> [Work order]
Restate, word for word and with no pictures, the stretch of lines in the data below that begins at the line with "Your response must be concise. 1." and ends at the line with "to latex. <formula><loc_0><loc_0><loc_500><loc_500>\frac", inclusive.

[Records contained in a dataset]
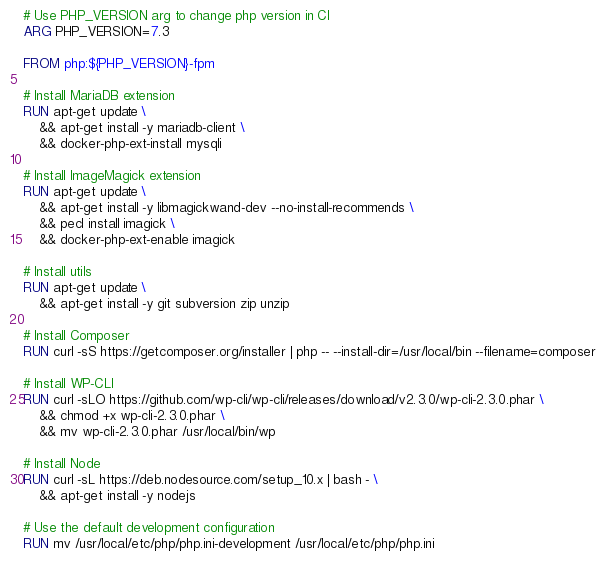<code> <loc_0><loc_0><loc_500><loc_500><_Dockerfile_># Use PHP_VERSION arg to change php version in CI
ARG PHP_VERSION=7.3

FROM php:${PHP_VERSION}-fpm

# Install MariaDB extension
RUN apt-get update \
	&& apt-get install -y mariadb-client \
    && docker-php-ext-install mysqli

# Install ImageMagick extension
RUN apt-get update \
	&& apt-get install -y libmagickwand-dev --no-install-recommends \
    && pecl install imagick \
    && docker-php-ext-enable imagick

# Install utils
RUN apt-get update \
	&& apt-get install -y git subversion zip unzip

# Install Composer
RUN curl -sS https://getcomposer.org/installer | php -- --install-dir=/usr/local/bin --filename=composer

# Install WP-CLI
RUN curl -sLO https://github.com/wp-cli/wp-cli/releases/download/v2.3.0/wp-cli-2.3.0.phar \
    && chmod +x wp-cli-2.3.0.phar \
	&& mv wp-cli-2.3.0.phar /usr/local/bin/wp

# Install Node
RUN curl -sL https://deb.nodesource.com/setup_10.x | bash - \
	&& apt-get install -y nodejs

# Use the default development configuration
RUN mv /usr/local/etc/php/php.ini-development /usr/local/etc/php/php.ini
</code> 
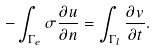Convert formula to latex. <formula><loc_0><loc_0><loc_500><loc_500>- \int _ { \Gamma _ { e } } \sigma \frac { \partial u } { \partial n } = \int _ { \Gamma _ { l } } \frac { \partial v } { \partial t } .</formula> 
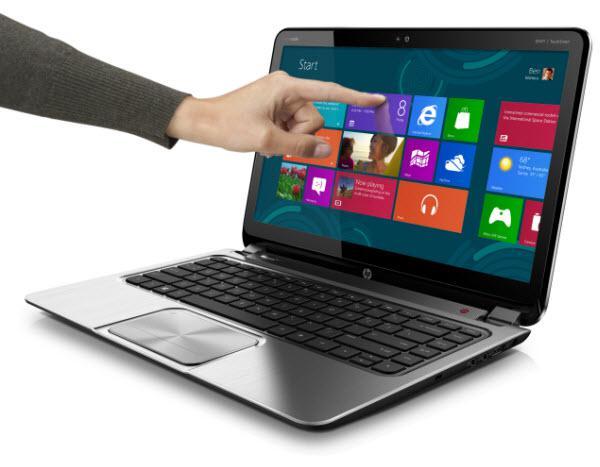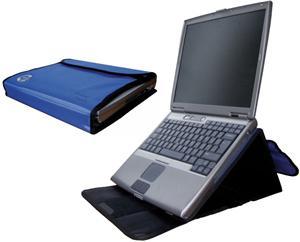The first image is the image on the left, the second image is the image on the right. Assess this claim about the two images: "An image shows at least five laptops.". Correct or not? Answer yes or no. No. The first image is the image on the left, the second image is the image on the right. For the images shown, is this caption "At least five laptop computer styles are arrayed in one image." true? Answer yes or no. No. 
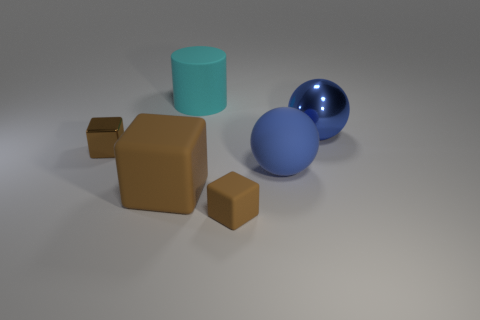Are there more tiny metallic objects that are to the right of the cylinder than large brown things?
Give a very brief answer. No. What material is the large sphere in front of the big blue shiny object?
Provide a short and direct response. Rubber. What color is the tiny metallic thing that is the same shape as the big brown thing?
Keep it short and to the point. Brown. How many big cylinders are the same color as the large metallic ball?
Your answer should be very brief. 0. There is a matte block that is right of the big brown rubber cube; does it have the same size as the blue object that is behind the big blue matte sphere?
Provide a short and direct response. No. Does the blue rubber sphere have the same size as the metallic thing to the left of the large brown block?
Your answer should be compact. No. What is the size of the metallic sphere?
Provide a succinct answer. Large. What color is the big cylinder that is the same material as the big block?
Keep it short and to the point. Cyan. How many cyan things have the same material as the large cylinder?
Keep it short and to the point. 0. How many objects are either gray metal things or small blocks that are behind the big brown rubber object?
Your response must be concise. 1. 
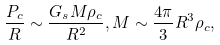Convert formula to latex. <formula><loc_0><loc_0><loc_500><loc_500>\frac { P _ { c } } { R } \sim \frac { G _ { s } M \rho _ { c } } { R ^ { 2 } } , M \sim \frac { 4 \pi } { 3 } R ^ { 3 } \rho _ { c } ,</formula> 
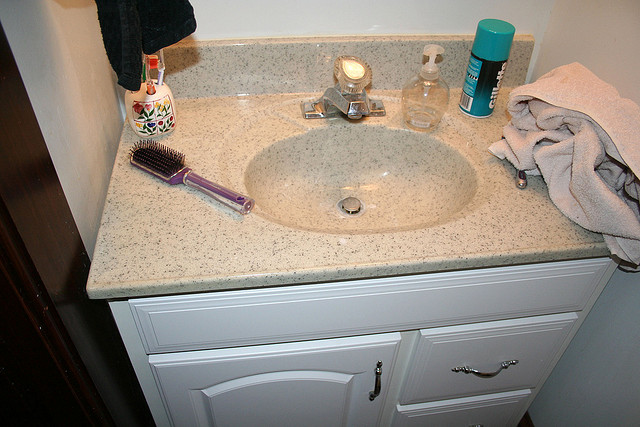<image>What brand of shaving cream is on the counter? I don't know the brand of the shaving cream on the counter. It might be Gillette. What brand of shaving cream is on the counter? It can be seen that the brand of shaving cream on the counter is Gillette.

> [Result for this exercise]
Your response must be concise. 1. 
Convert formula to latex. <formula><loc_0><loc_0><loc_500><loc_500>\frac { P _ { c } } { R } \sim \frac { G _ { s } M \rho _ { c } } { R ^ { 2 } } , M \sim \frac { 4 \pi } { 3 } R ^ { 3 } \rho _ { c } ,</formula> 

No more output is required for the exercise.